5128581,2025-12-19 00:34:20-05:00,Mist,48.56,44.96,50.22,US,New York,07:15:41,16:30:50,"Dress in layers with a light to medium jacket, long pants, and consider a scarf or hat to stay warm in the misty conditions."
5128581,2025-12-19 00:13:32-05:00,Clouds,48.02,43.57,49.95,US,New York,07:15:41,16:30:50,"Dress in layers with a warm sweater or light jacket, pants, and closed-toe shoes to stay comfortable in the cool, cloudy weather."

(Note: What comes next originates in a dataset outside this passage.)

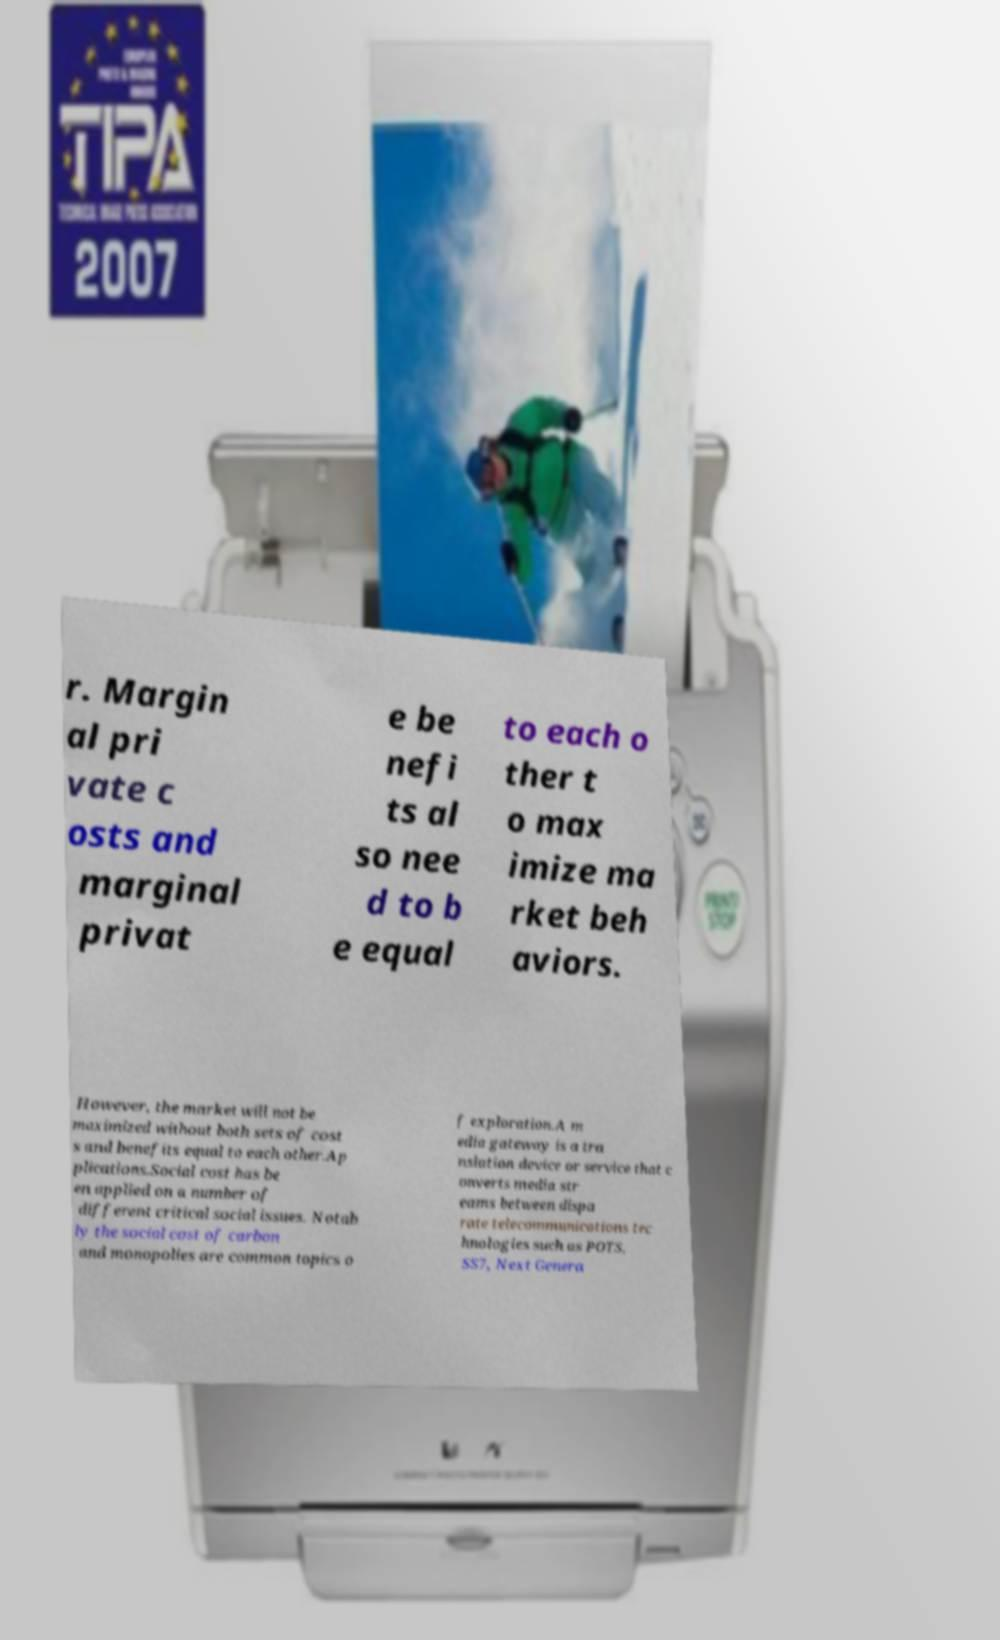Could you assist in decoding the text presented in this image and type it out clearly? r. Margin al pri vate c osts and marginal privat e be nefi ts al so nee d to b e equal to each o ther t o max imize ma rket beh aviors. However, the market will not be maximized without both sets of cost s and benefits equal to each other.Ap plications.Social cost has be en applied on a number of different critical social issues. Notab ly the social cost of carbon and monopolies are common topics o f exploration.A m edia gateway is a tra nslation device or service that c onverts media str eams between dispa rate telecommunications tec hnologies such as POTS, SS7, Next Genera 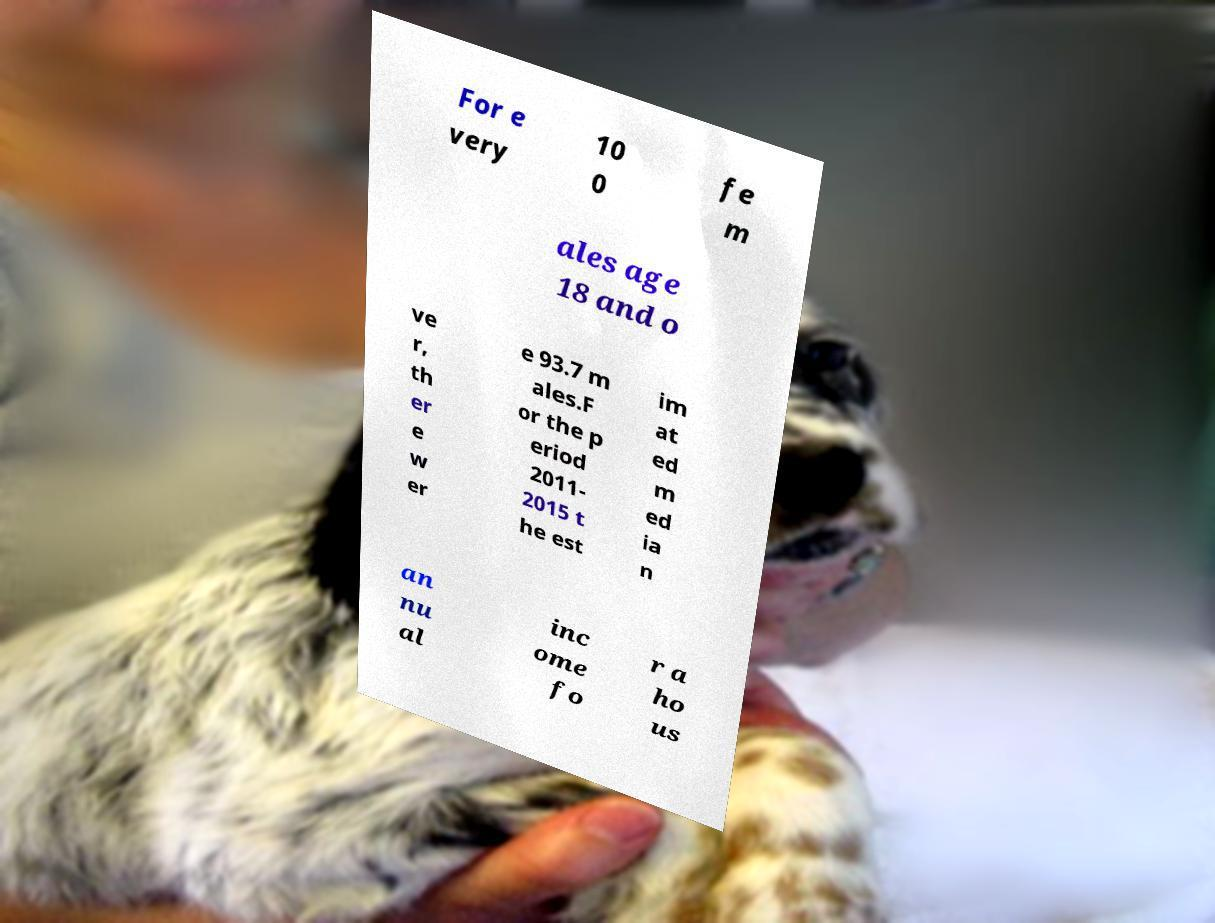What messages or text are displayed in this image? I need them in a readable, typed format. For e very 10 0 fe m ales age 18 and o ve r, th er e w er e 93.7 m ales.F or the p eriod 2011- 2015 t he est im at ed m ed ia n an nu al inc ome fo r a ho us

5128581,2025-12-19 08:00:12-05:00,Rain,55.83,53.55,57.58,US,New York,07:15:41,16:30:50,"Dress in a waterproof jacket, long sleeves, and wear waterproof shoes, as temperatures are cool and rain is expected."
5128581,2025-12-19 10:59:44-05:00,Rain,55.54,53.02,57.54,US,New York,07:15:41,16:30:50,"Dress in a waterproof jacket, long pants, and wear waterproof shoes to stay dry and comfortable in the rainy weather."
5128581,2025-12-19 08:59:24-05:00,Rain,54.7,52.97,57.45,US,New York,07:15:41,16:30:50,"Dress in a waterproof jacket, long pants, and wear comfortable, closed-toe shoes to stay warm and dry in the rain."
5128581,2025-12-19 02:57:16-05:00,Rain,52.34,48.58,54.27,US,New York,07:15:41,16:30:50,"Wear a waterproof jacket, layered clothing, and sturdy waterproof shoes to stay warm and dry in the rain."